Il y a du passé qui vous retombe dessus comme ça, un soir en passant. Vous faisiez juste le tri dans vos affaires, une énième fois de plus. Et puis c'est venu d'un coup. De nul part. Après deux ans encore, c'est un coup dans le gueule. Bien qu'étrange.

Il y a fort longtemps, parmi ces lettres que je ne t'ai jamais envoyées

*

Je suis désolée.
trois mots comme ça, pas si anodin quand on sait à quoi s'en tenir. trois mots ça peut faire très mal parfois, surtout si c'est mal dit. Surtout quand ils sont bien placés. Trois mots, c'est pas grand chose finalement mais ça peut faire tellement.

Je suis désolée parce que te l'annoncer de la sorte ce n'est pas forcément ce que j'espérais. Et toi non plus j'imagine. Alors je m'en excuse. De te l'avoir dit trop tard. Seulement maintenant. Où est ce encore peut-être trop tôt ... De ne toujours pas savoir faire la part des choses. Comprends tu mes intentions ? Je suis désolée parce que les choses ne devraient jamais se passer de la sorte. Parce que tu penseras sûrement que j'aurais pu te le dire en face, mais tu n'imagine pas qu'à moi aussi ça puisse me faire mal. Désolée parce que tu auras sûrement raison. Je suis un peu lâche ce soir.
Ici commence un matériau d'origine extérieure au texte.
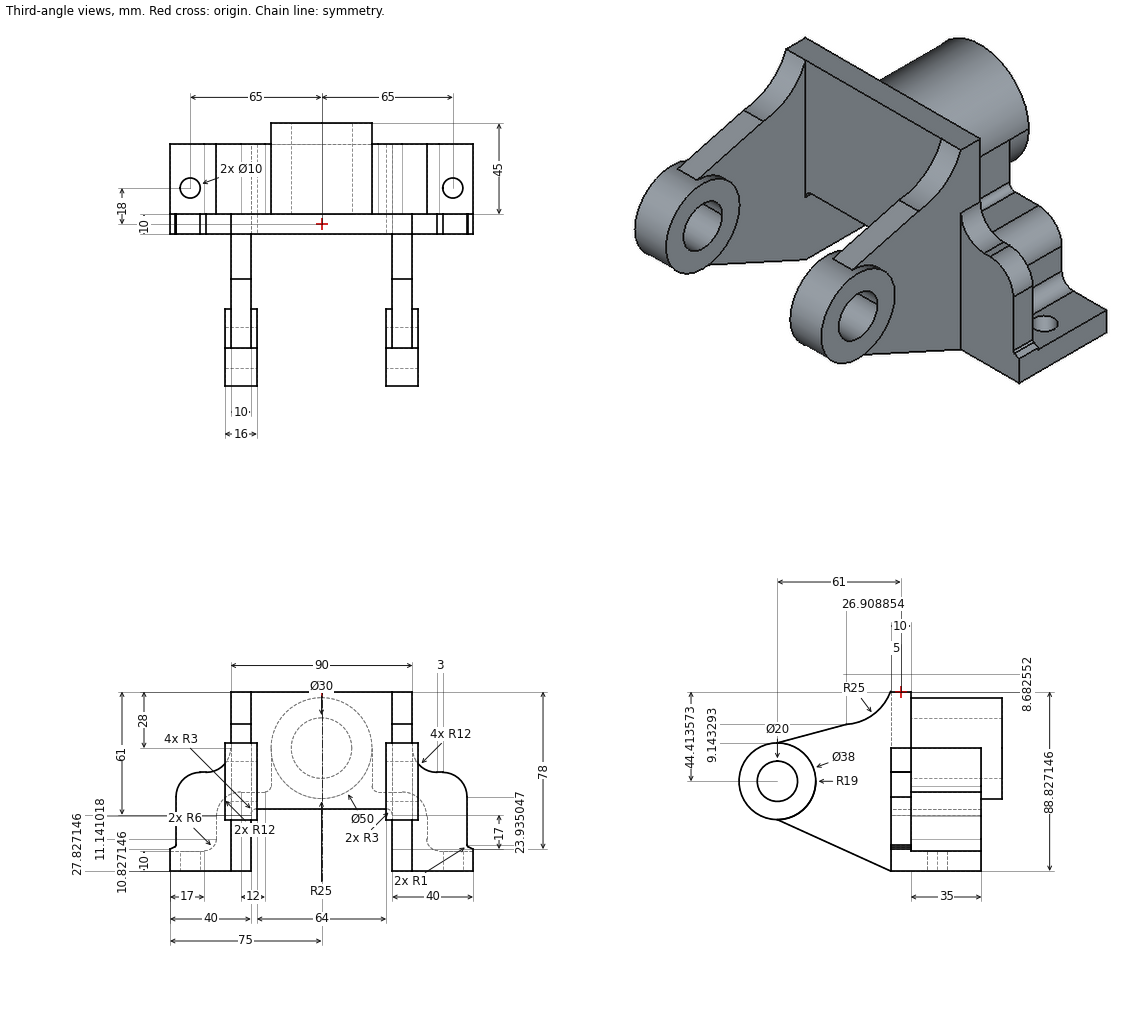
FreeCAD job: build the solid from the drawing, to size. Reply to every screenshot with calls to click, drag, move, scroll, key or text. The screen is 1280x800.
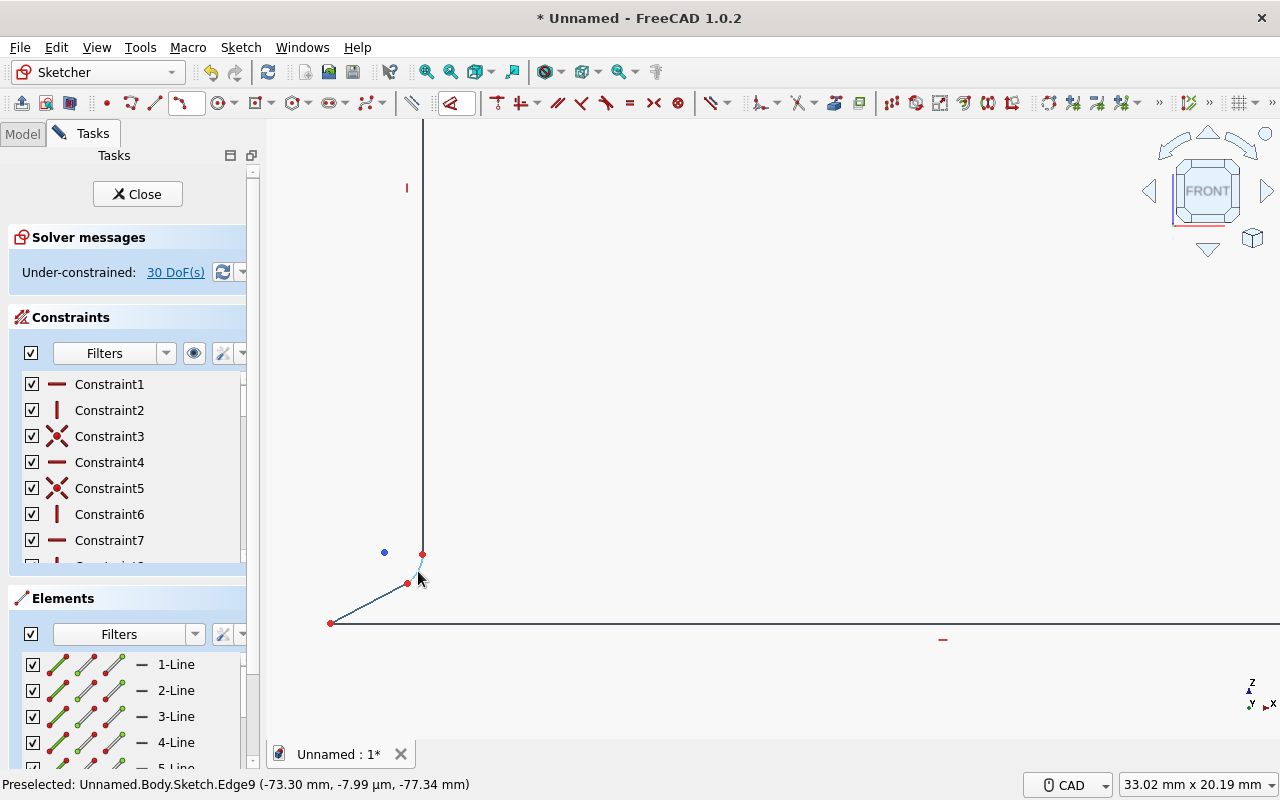
click(418, 571)
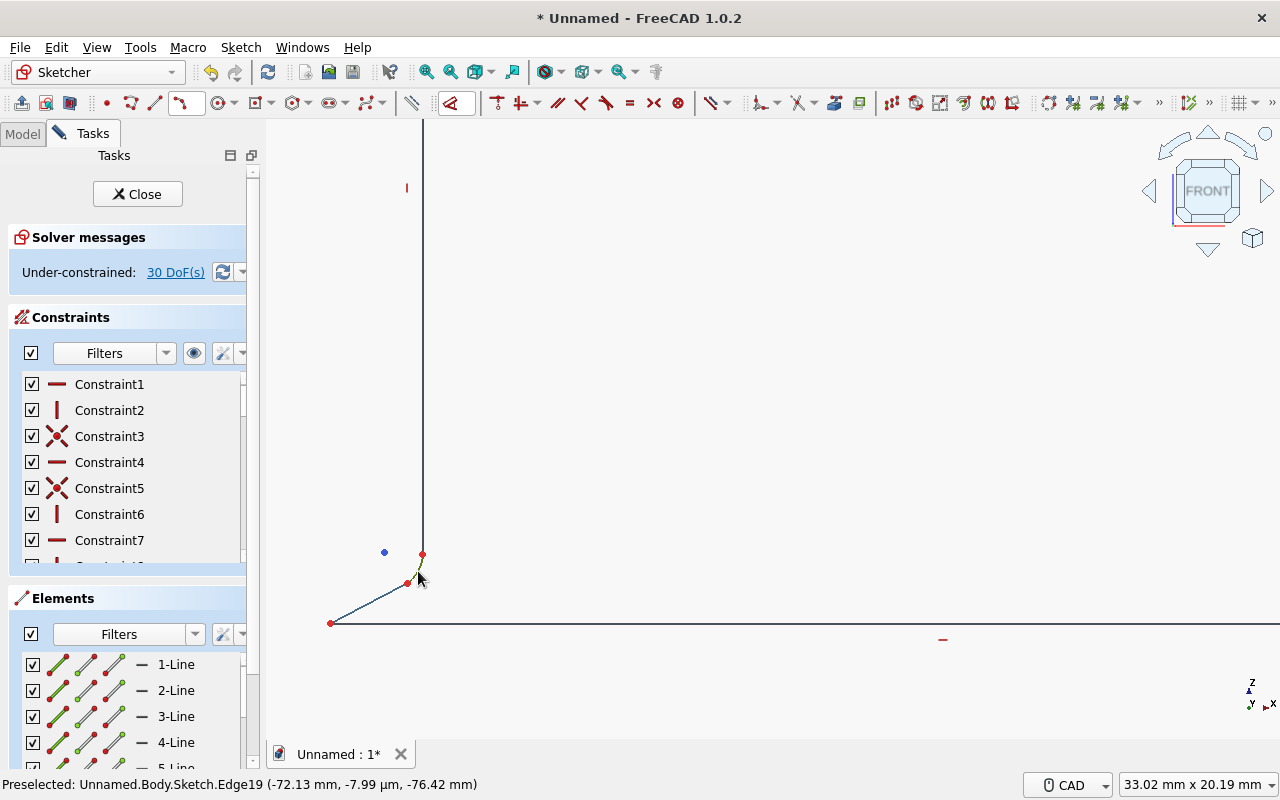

Ne m'en veux pas car je semble être la seule à voir les mauvais côtés qui arrivent. Excuse moi encore parce que je suis la seule à ne plus en redemander. Parce que malgré tout tu auras l'impression que je t'ai mené en bateau alors que c'est le bateau qui a fini par me prendre en otage. Désolée d'être la méchante de l'histoire, alors que tu as toujours pensé être le Grand méchant loup. Désolée de me sentir fautive mais si sincère à la fois.